#### [PROBLEM TO WORK ON]
Report the tally of lines featuring the word "HFOV" in the entries below, without anything else.

#### [RECORD EXTRACTS]

___

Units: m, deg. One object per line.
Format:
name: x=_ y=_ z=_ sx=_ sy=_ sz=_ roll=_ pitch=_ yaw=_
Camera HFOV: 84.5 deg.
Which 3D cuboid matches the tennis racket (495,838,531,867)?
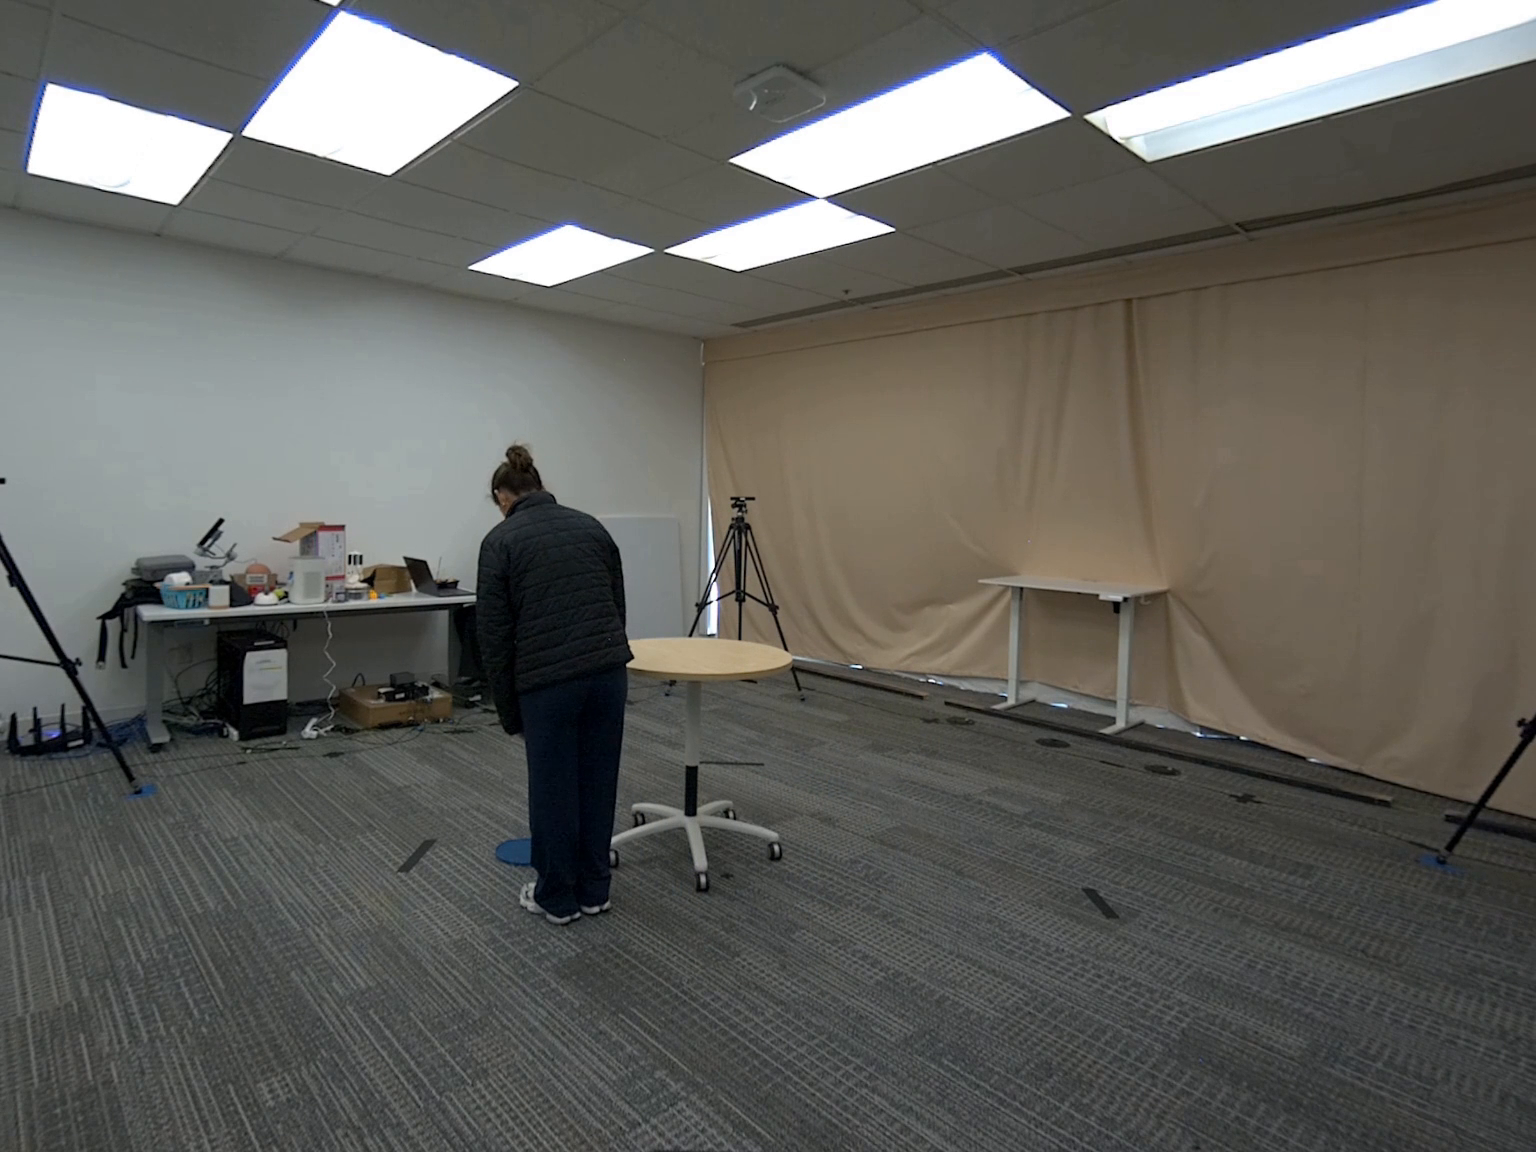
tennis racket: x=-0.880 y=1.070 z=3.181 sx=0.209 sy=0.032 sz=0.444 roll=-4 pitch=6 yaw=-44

___

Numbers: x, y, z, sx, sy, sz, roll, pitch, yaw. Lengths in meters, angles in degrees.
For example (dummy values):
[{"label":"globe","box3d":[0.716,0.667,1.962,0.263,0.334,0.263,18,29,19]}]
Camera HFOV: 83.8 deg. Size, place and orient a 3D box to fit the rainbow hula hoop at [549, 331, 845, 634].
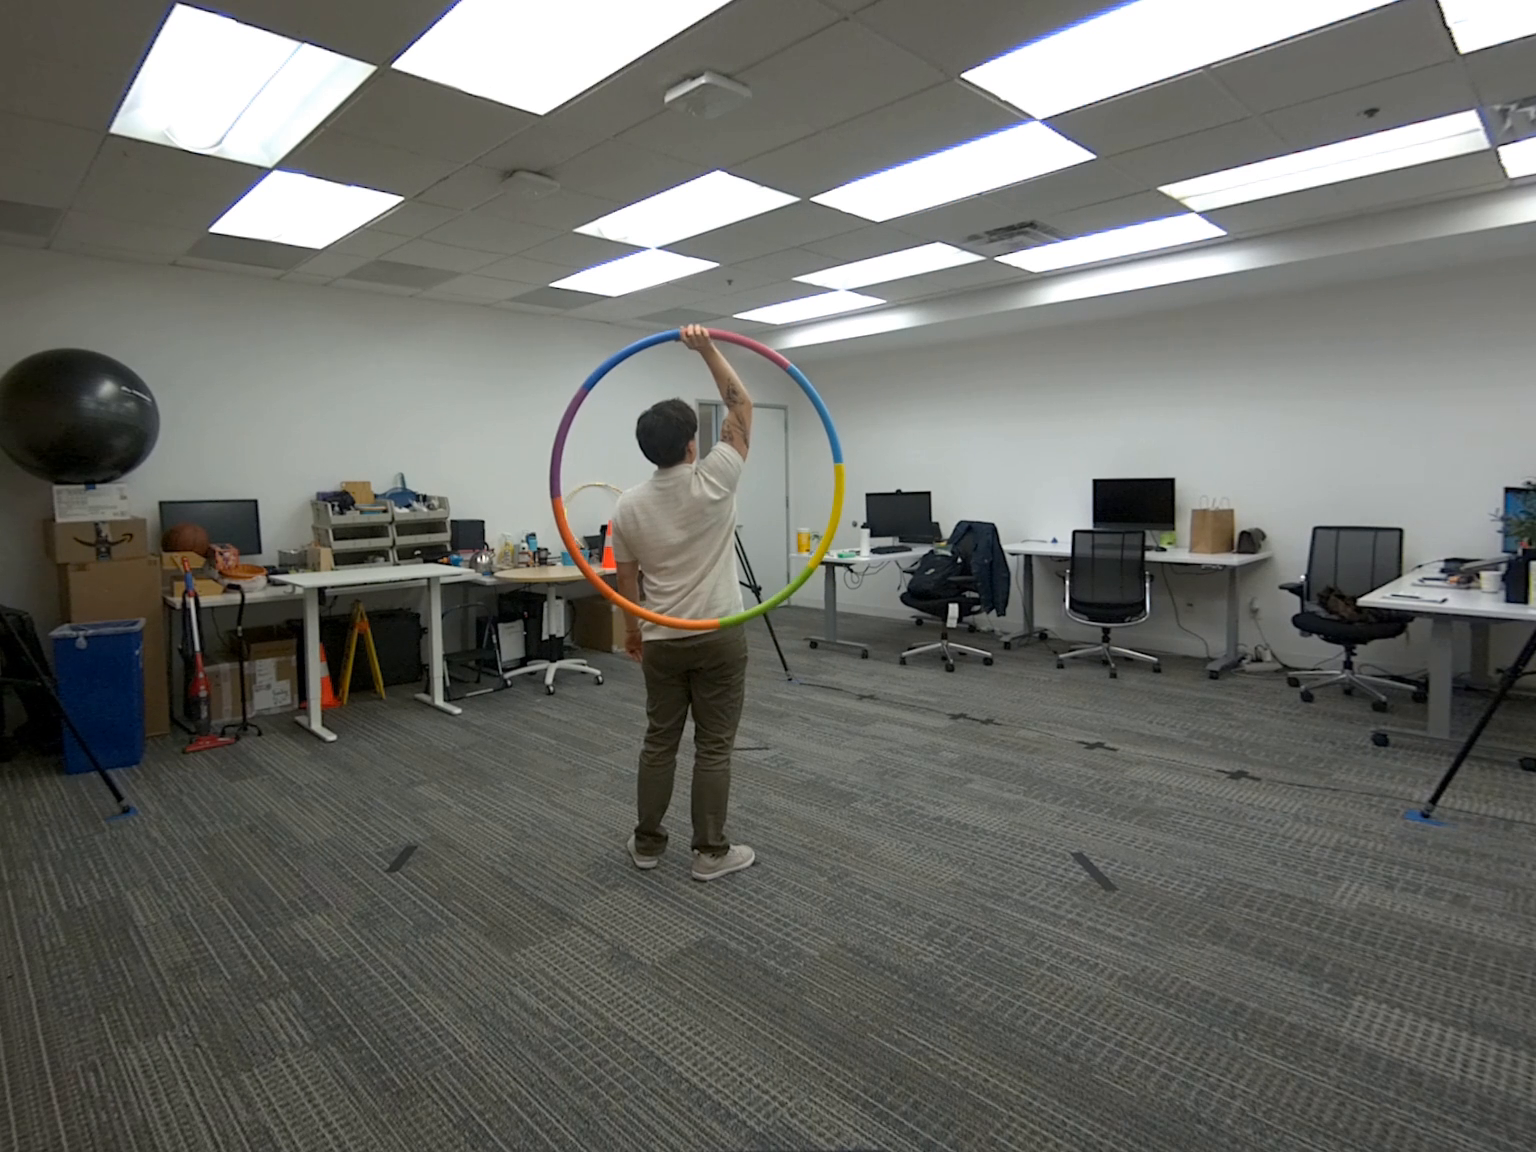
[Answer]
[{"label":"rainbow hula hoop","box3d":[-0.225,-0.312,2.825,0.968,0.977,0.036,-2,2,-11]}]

___

#### [WRITTEN RESPONSE]
2